━━ Entries supplied

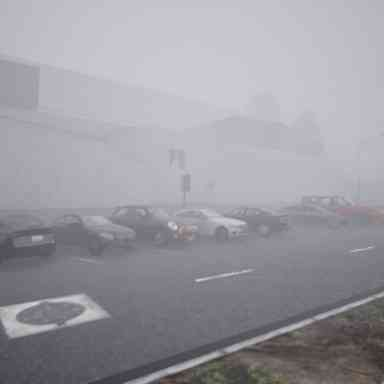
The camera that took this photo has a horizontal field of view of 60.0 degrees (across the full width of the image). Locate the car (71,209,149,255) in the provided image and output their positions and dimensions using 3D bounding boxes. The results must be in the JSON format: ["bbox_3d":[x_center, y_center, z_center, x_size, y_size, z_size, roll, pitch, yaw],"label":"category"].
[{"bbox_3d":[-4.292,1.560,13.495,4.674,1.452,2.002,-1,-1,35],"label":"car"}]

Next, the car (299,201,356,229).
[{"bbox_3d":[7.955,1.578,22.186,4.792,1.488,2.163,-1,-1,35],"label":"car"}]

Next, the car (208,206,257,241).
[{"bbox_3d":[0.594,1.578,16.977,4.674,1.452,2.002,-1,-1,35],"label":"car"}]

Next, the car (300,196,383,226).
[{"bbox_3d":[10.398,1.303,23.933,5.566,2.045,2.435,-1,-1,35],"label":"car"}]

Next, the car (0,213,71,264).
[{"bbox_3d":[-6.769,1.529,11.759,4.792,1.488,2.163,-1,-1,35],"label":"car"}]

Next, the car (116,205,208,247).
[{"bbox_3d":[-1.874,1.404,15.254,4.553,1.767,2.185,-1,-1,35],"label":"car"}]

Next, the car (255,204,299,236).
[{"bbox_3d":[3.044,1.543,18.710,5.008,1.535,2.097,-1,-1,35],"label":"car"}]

━━━━
━━ Entries supplied

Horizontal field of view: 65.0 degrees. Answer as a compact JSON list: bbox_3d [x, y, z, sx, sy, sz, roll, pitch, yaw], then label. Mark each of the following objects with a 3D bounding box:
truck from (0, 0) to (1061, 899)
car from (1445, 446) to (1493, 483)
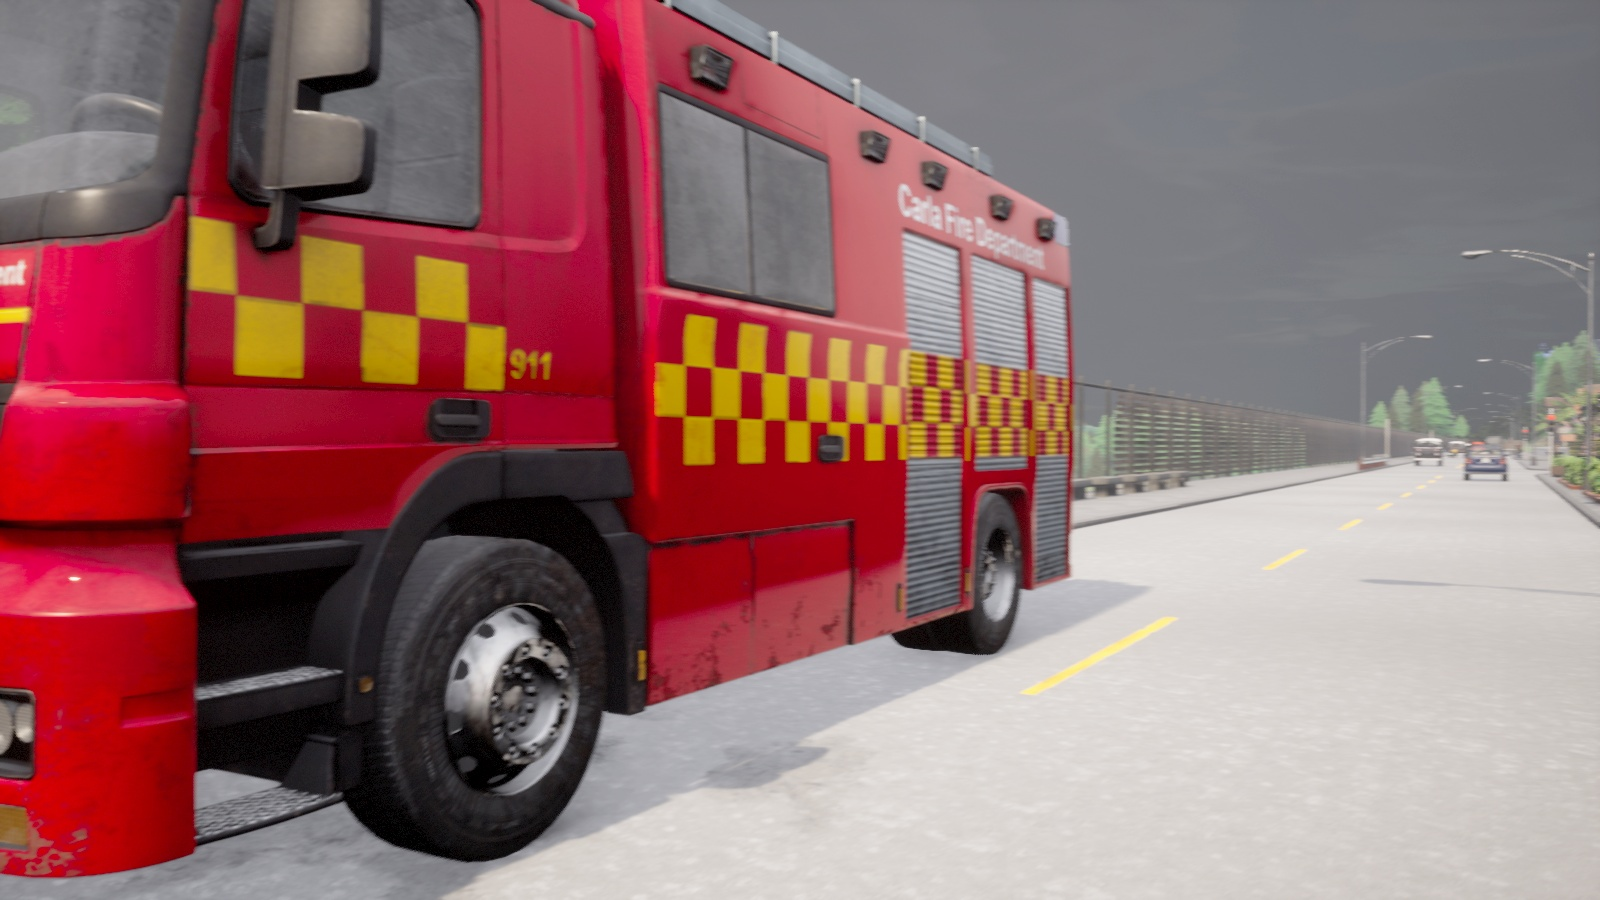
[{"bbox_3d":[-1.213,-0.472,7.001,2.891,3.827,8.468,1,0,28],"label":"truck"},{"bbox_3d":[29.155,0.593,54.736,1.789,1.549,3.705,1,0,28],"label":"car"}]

━━━━
━━ Entries supplied

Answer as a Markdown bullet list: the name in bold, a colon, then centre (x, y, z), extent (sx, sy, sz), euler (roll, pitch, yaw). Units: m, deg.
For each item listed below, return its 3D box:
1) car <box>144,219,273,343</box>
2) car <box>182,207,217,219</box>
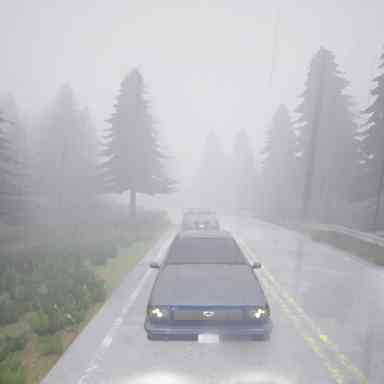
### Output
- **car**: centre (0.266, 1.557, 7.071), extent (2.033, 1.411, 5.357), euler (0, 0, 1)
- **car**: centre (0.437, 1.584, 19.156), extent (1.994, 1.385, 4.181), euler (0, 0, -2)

━━━━

# About this task
A single figure is required: the number of lines above in which the string "Answer" appears.

# Result for this exercise
2